Work item
Go through the entries below and return every line that contains "listed".

Supplied entries
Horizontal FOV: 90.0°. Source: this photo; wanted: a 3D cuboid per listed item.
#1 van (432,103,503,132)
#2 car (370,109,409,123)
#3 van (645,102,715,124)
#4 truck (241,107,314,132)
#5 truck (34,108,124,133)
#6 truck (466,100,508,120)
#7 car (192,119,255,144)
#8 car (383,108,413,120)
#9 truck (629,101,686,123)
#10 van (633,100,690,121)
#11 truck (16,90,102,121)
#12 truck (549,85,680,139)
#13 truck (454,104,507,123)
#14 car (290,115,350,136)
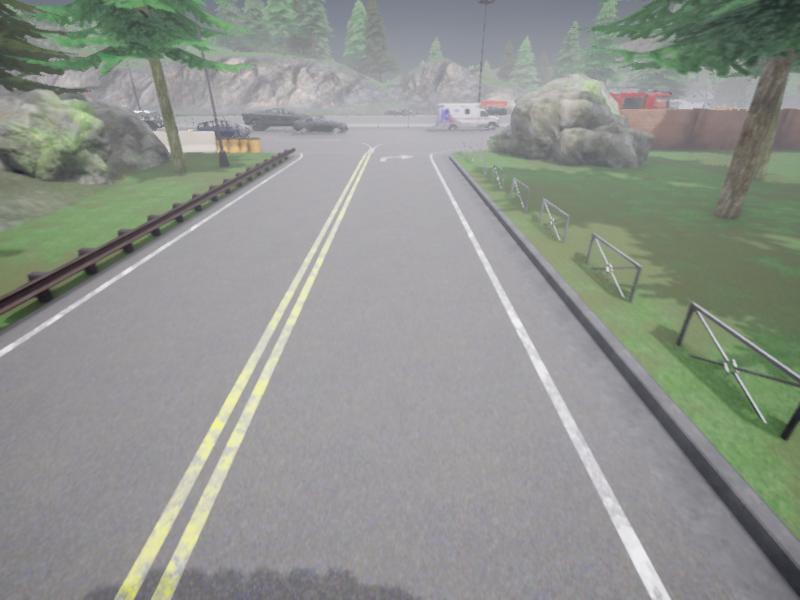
[{"bbox_3d":[6.478,-17.914,39.272,6.366,2.431,2.351,0,27,-1],"label":"van"},{"bbox_3d":[-1.313,-23.858,51.835,5.008,1.535,1.882,-1,27,-1],"label":"car"},{"bbox_3d":[34.090,-22.919,48.964,6.366,2.431,2.351,0,27,-1],"label":"van"},{"bbox_3d":[-11.837,-17.633,39.119,6.274,2.098,2.390,0,27,-1],"label":"truck"},{"bbox_3d":[-30.988,-17.491,38.879,6.274,2.098,2.390,0,27,-1],"label":"truck"},{"bbox_3d":[12.528,-27.570,58.022,5.204,2.467,2.627,0,27,-1],"label":"truck"},{"bbox_3d":[-13.099,-12.584,29.888,3.705,1.549,1.789,0,27,-1],"label":"car"},{"bbox_3d":[-0.281,-27.036,58.088,4.193,1.474,1.816,0,27,-1],"label":"car"},{"bbox_3d":[33.392,-24.533,52.057,5.204,2.467,2.627,0,27,-1],"label":"truck"},{"bbox_3d":[35.995,-26.202,55.182,5.915,2.561,1.988,0,27,-1],"label":"van"},{"bbox_3d":[-48.289,-27.726,56.953,8.468,3.827,2.891,0,27,-1],"label":"truck"},{"bbox_3d":[17.274,-15.417,32.860,8.468,3.827,2.891,0,27,-1],"label":"truck"},{"bbox_3d":[10.327,-24.150,51.766,6.274,2.098,2.390,0,27,0],"label":"truck"},{"bbox_3d":[-7.152,-15.797,36.183,4.902,1.511,2.128,-1,27,-1],"label":"car"}]
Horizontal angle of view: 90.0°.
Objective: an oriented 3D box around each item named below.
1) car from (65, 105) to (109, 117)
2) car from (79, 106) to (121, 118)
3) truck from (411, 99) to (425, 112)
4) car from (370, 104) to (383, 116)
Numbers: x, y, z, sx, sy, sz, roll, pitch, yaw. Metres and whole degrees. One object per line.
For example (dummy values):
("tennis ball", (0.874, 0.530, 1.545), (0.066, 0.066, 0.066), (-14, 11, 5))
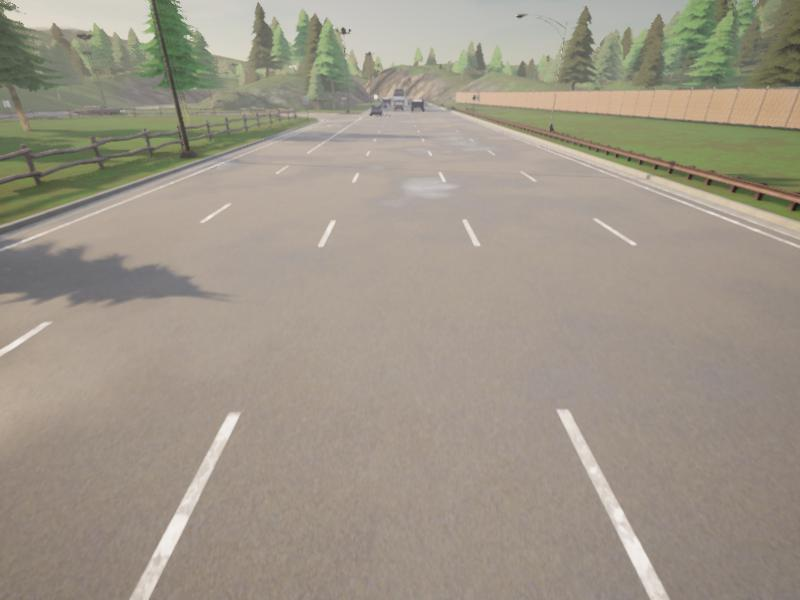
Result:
("car", (-51.024, -30.965, 65.421), (5.366, 1.575, 1.801), (-17, 32, -30))
("car", (-47.781, -30.086, 63.905), (5.027, 1.651, 2.152), (-16, 31, -27))
("truck", (3.323, -37.363, 76.634), (2.390, 2.098, 6.274), (0, 27, 0))
("car", (-3.640, -29.529, 62.134), (1.851, 1.617, 3.988), (0, 27, 0))
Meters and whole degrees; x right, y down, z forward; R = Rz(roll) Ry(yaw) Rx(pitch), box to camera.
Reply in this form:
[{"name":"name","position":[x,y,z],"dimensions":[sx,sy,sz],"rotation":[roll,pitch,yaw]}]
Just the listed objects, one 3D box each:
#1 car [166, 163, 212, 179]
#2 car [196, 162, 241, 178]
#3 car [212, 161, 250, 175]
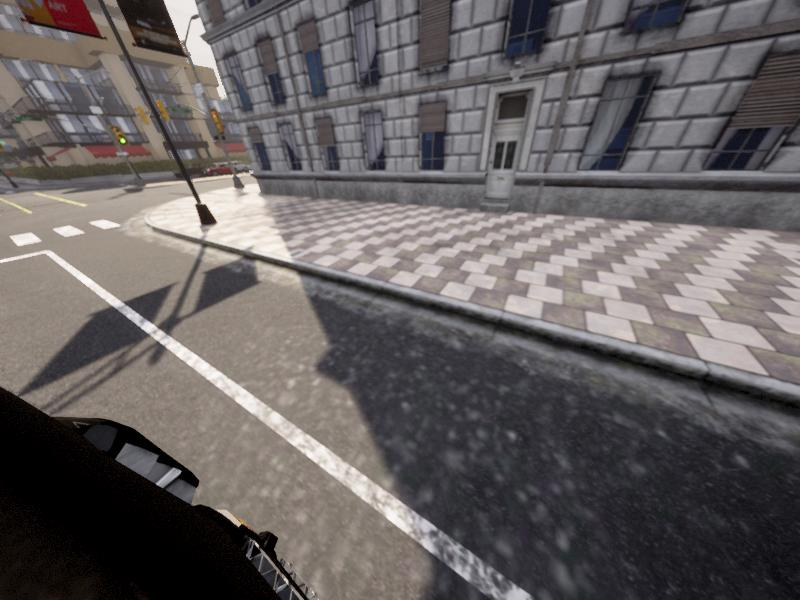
[{"name":"car","position":[-27.496,-16.888,30.221],"dimensions":[1.789,1.549,3.705],"rotation":[16,38,26]},{"name":"car","position":[-23.501,-16.957,30.075],"dimensions":[1.970,1.475,3.806],"rotation":[16,38,26]},{"name":"car","position":[-24.770,-19.553,34.091],"dimensions":[1.970,1.475,3.806],"rotation":[16,38,26]}]
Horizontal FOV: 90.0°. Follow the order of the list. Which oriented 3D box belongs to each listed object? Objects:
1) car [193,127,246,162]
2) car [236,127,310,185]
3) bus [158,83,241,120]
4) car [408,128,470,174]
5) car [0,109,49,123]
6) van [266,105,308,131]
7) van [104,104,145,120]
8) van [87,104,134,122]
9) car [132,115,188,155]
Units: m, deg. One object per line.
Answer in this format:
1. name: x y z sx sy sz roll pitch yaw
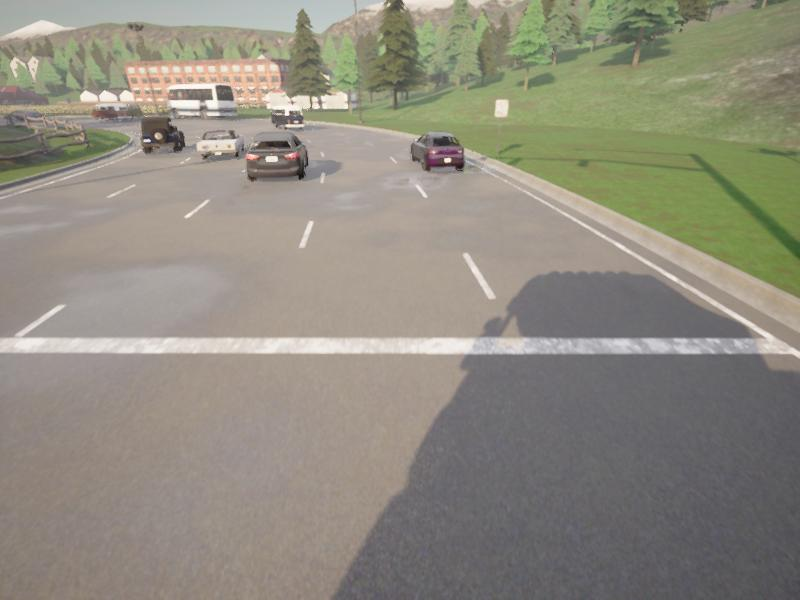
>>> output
1. car: -9.846 -8.740 22.219 1.895 1.301 4.718 -7 28 -12
2. car: -5.106 -6.207 16.847 2.242 1.667 4.611 -4 28 -8
3. bus: -27.138 -26.790 54.148 10.273 4.253 3.944 13 28 24
4. car: 1.639 -6.959 18.427 1.816 1.474 4.193 -5 28 -8
5. car: -48.019 -23.422 50.932 4.792 1.488 2.163 5 28 11
6. van: -10.779 -17.335 38.053 2.069 2.038 4.480 -17 32 -32
7. van: -37.983 -25.982 55.198 4.442 1.987 1.775 7 28 14
8. van: -37.266 -24.155 51.598 4.480 2.038 2.069 7 26 14
9. car: -14.202 -9.920 23.911 1.905 1.878 3.866 -9 29 -17
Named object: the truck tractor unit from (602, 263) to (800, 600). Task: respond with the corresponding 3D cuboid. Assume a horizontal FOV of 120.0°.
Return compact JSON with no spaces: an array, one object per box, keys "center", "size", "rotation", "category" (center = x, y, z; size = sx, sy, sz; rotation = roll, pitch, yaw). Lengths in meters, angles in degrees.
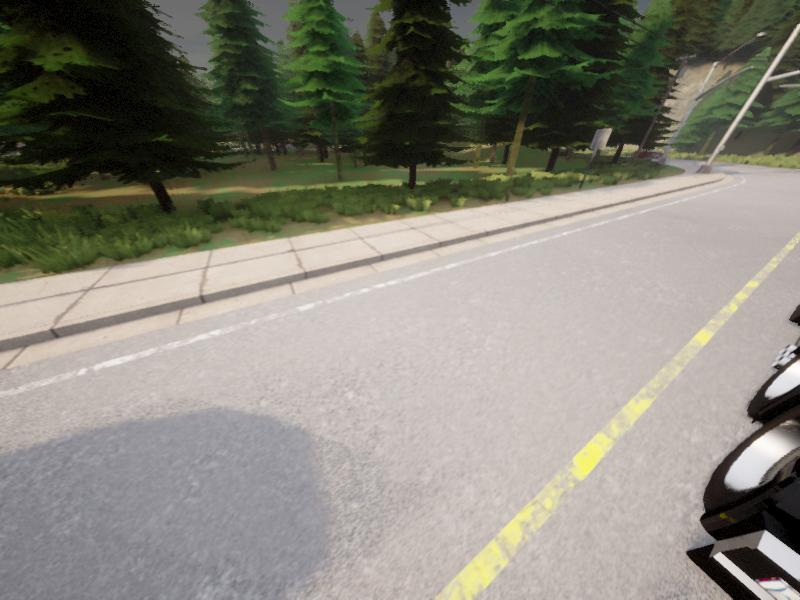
[{"center":[5.108,-0.304,0.783],"size":[6.516,4.208,3.053],"rotation":[-18,39,-24],"category":"truck tractor unit"}]
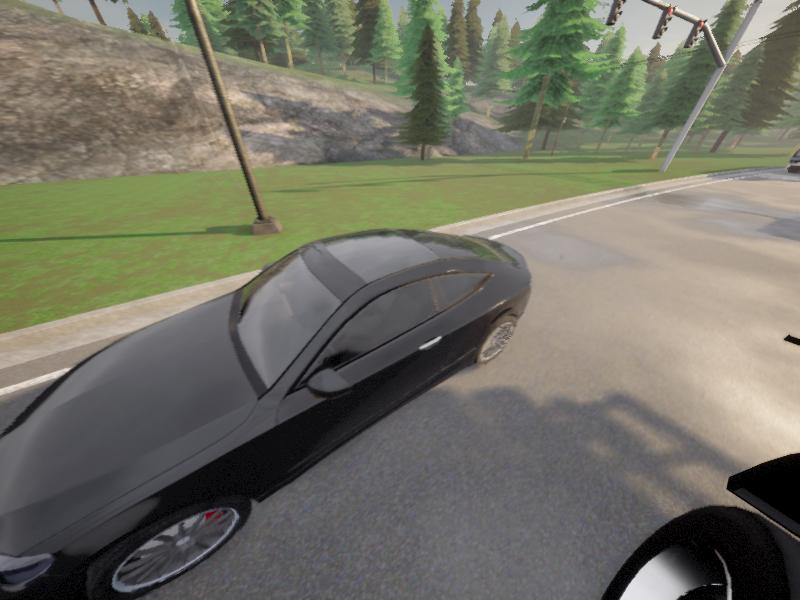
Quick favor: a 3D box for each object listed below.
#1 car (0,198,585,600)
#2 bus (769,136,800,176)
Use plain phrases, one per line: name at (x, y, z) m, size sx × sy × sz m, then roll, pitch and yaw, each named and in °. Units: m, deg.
car at (-0.464, 0.162, 2.410) m, size 4.674 × 1.442 × 1.812 m, roll -22°, pitch 40°, yaw -27°
bus at (31.935, -10.841, 15.321) m, size 10.273 × 4.253 × 3.944 m, roll -13°, pitch 37°, yaw -17°
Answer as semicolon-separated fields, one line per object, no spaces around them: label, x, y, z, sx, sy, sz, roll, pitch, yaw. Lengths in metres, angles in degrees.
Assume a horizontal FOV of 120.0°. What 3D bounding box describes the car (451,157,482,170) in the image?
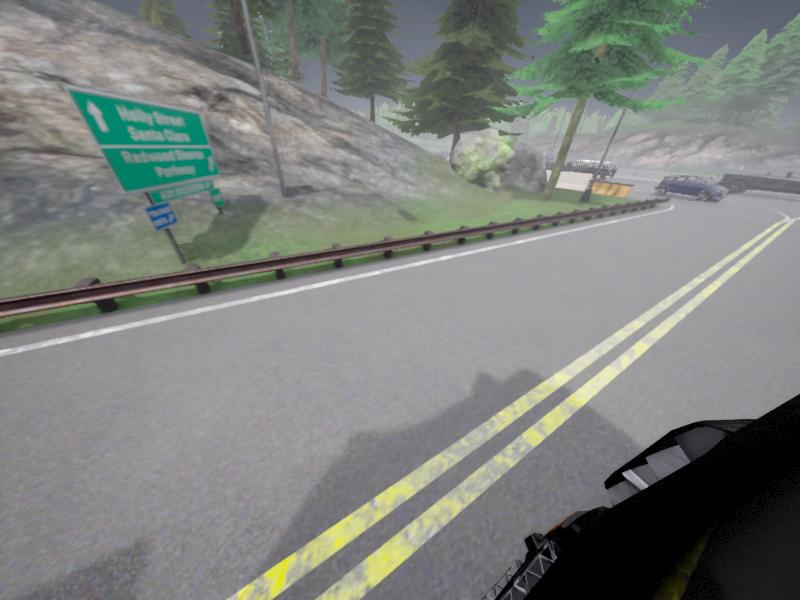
car;9.844;-20.372;34.500;1.994;1.385;4.181;-16;38;-27

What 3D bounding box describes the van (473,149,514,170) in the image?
van;15.222;-23.256;38.201;1.988;2.561;5.915;-16;38;-27

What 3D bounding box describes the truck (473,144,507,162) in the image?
truck;24.854;-41.028;64.539;2.891;3.827;8.468;-16;38;-27

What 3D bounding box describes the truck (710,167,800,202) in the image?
truck;32.634;-10.020;20.033;2.390;2.098;6.274;-16;38;-27

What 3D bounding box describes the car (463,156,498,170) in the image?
car;12.531;-21.631;36.451;1.882;1.535;5.008;-16;38;-27

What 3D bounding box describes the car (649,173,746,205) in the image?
car;21.435;-8.213;16.932;1.789;1.549;3.705;-5;34;-14

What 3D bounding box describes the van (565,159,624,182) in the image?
van;23.022;-15.502;27.588;2.069;2.038;4.480;-16;38;-26

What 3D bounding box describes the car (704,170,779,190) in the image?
car;42.719;-15.177;29.086;1.882;1.535;5.008;-16;38;-27
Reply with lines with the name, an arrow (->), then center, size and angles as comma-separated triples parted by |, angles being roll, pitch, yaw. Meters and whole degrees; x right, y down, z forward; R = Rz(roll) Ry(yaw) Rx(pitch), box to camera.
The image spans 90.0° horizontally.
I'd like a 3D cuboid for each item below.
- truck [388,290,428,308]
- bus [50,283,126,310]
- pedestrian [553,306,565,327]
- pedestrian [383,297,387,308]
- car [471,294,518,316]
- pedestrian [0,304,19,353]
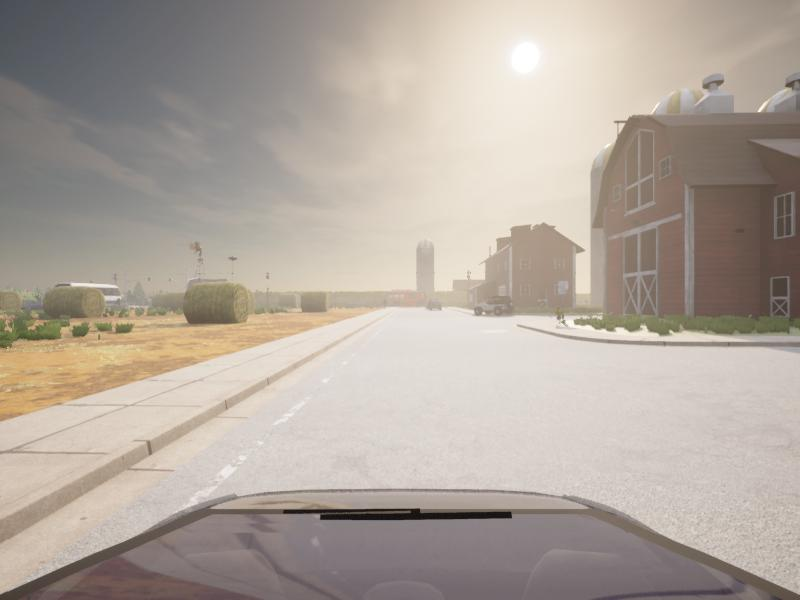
truck -> 1.723, -0.298, 86.072 | 8.468, 3.827, 2.891 | 0, 0, 3
bus -> -51.394, -0.547, 66.457 | 3.944, 4.253, 10.273 | 0, 0, 6
pedestrian -> 8.390, 0.865, 21.137 | 0.500, 1.100, 0.500 | 0, 0, 6
pedestrian -> -2.630, 0.487, 70.828 | 0.751, 1.860, 0.751 | 0, 0, -1
car -> 8.908, 0.488, 37.965 | 1.905, 1.878, 3.866 | -8, 3, -40
pedestrian -> -11.107, 0.766, 10.959 | 0.751, 1.300, 0.751 | 0, 0, 25

Task solution
Horizontal FOV: 90.0°. Source: this photo; wanted: a 3D cuboid per listed item.
Just the listed objects, one 3D box each:
Horizontal FOV: 90.0°. Follow the order of the list. Which oriented 3D box belongs to each listed object? Objects:
Quick favor: a 3D box for each object listed below.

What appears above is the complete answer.